Trébuchant sur une racine d’arbre saillante, je reviens à la vie et je fais une pause. Je suis arrivé dans la forêt, plus dense qu’au centre du peloton. Si ma tête inutile ne m’a pas fait complètement tort, alors la maison est comme ça, juste derrière moi.
Laissant tomber mon sac au sol, amorti par de hautes pousses d’herbe clairsemées, je soupire et lève les yeux vers le ciel. La lune est là, se faufilant à travers les arbres comme un prédateur prêt à bondir. C’est la Déesse qui me regarde, secouant la tête, les bras croisés de ma folie. Je lui fais un signe de la main, elle ne me fait pas signe de retour.
Accroupi et tombant sur mes fesses, je ramasse la terre, ramasse des cailloux et les jette sur le côté, un enfant qui s’ennuie. Dans cette tombe que je creuse sera le dernier lieu de repos de ma santé mentale.
J’aimerais qu’il puisse me voir comme ça, l’Alpha. Cela le ferait sûrement me rejeter maintenant au lieu de me forcer à aller dans sa meute. J’ai l’air d’un fou, d’un idiot ivre jouant avec de la terre au milieu de la nuit pour éviter son compagnon Alpha nouvellement découvert. Une fille aigre qui juge et est froide, jalouse par ceux qui ont ce qu’elle ne pourrait jamais saisir. Cela ne fera qu’empirer ma situation, étant accouplé à un Alpha. C’est comme si on m’avait offert le cadeau le plus cher pour ne plus pouvoir l’ouvrir.
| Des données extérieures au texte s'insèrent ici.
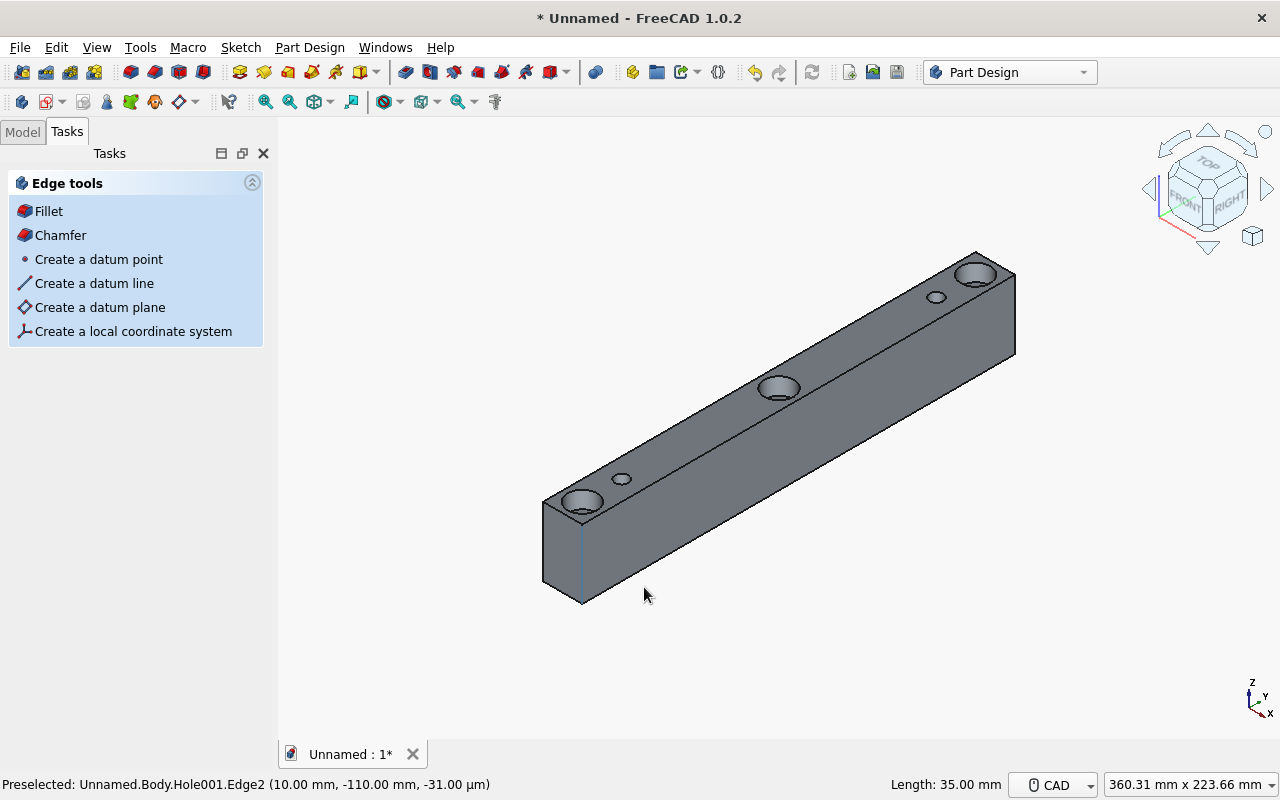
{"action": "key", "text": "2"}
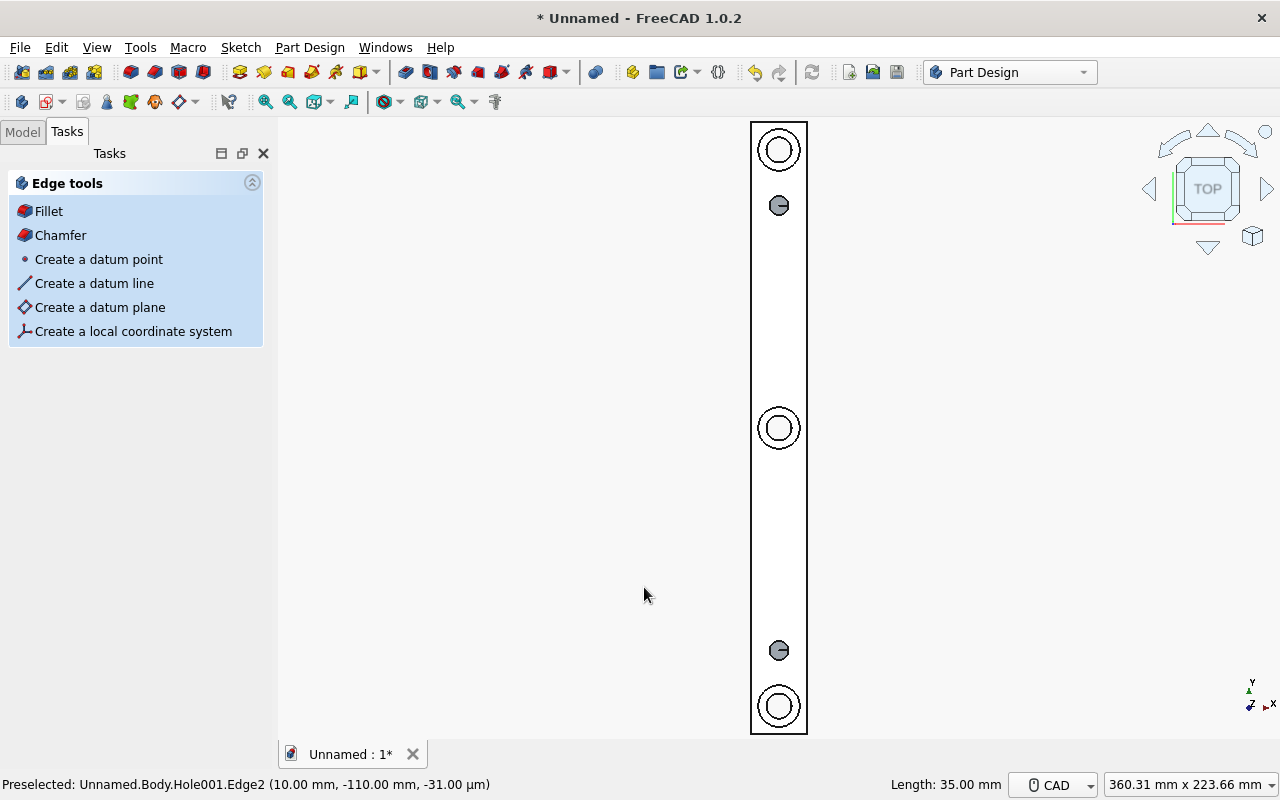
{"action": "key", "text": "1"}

Il est juste assis là, me fixant, jamais capable d’être utilisé par moi. C’est un cadeau cruel et je veux le rendre.
Au moment où le soleil commence à se lever, je me retrouve à traîner mon sac en rentrant à la maison. Un échec qui la fait marcher de honte.
Je ne peux rejeter un Alpha. La déesse de la lune ne laisserait jamais cela arriver à ses enfants préférés, mais je suis sûr que je ne pourrais pas de toute façon.
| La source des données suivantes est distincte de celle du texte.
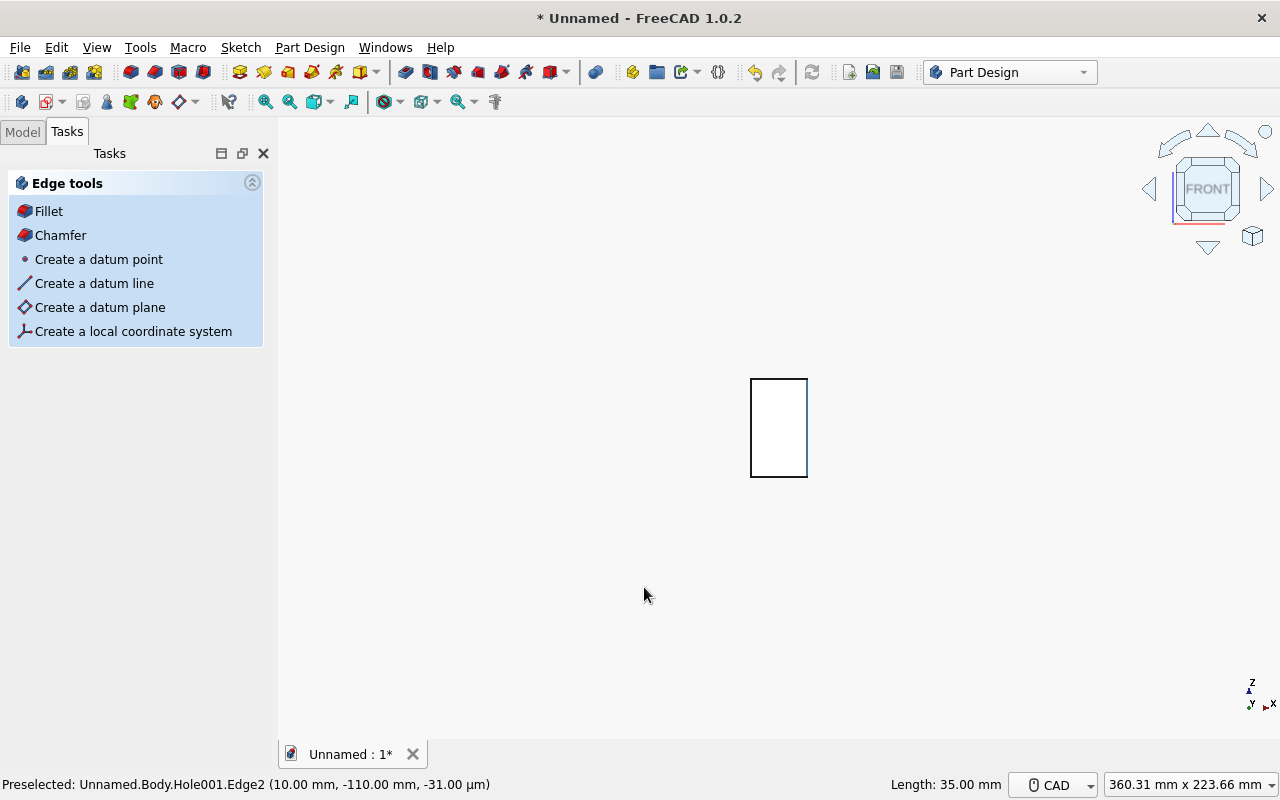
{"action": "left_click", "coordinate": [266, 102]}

Quand je rentre furtivement dans la maison, à l’étage dans ma chambre, je découvre qu’il est six heures. Ma mère devrait être debout d’une seconde à l’autre maintenant. Elle va venir dans ma chambre, me lever aussi. Elle sera probablement excitée, m’aidant à me préparer pour les redoutables huit heures. Et elle le fait.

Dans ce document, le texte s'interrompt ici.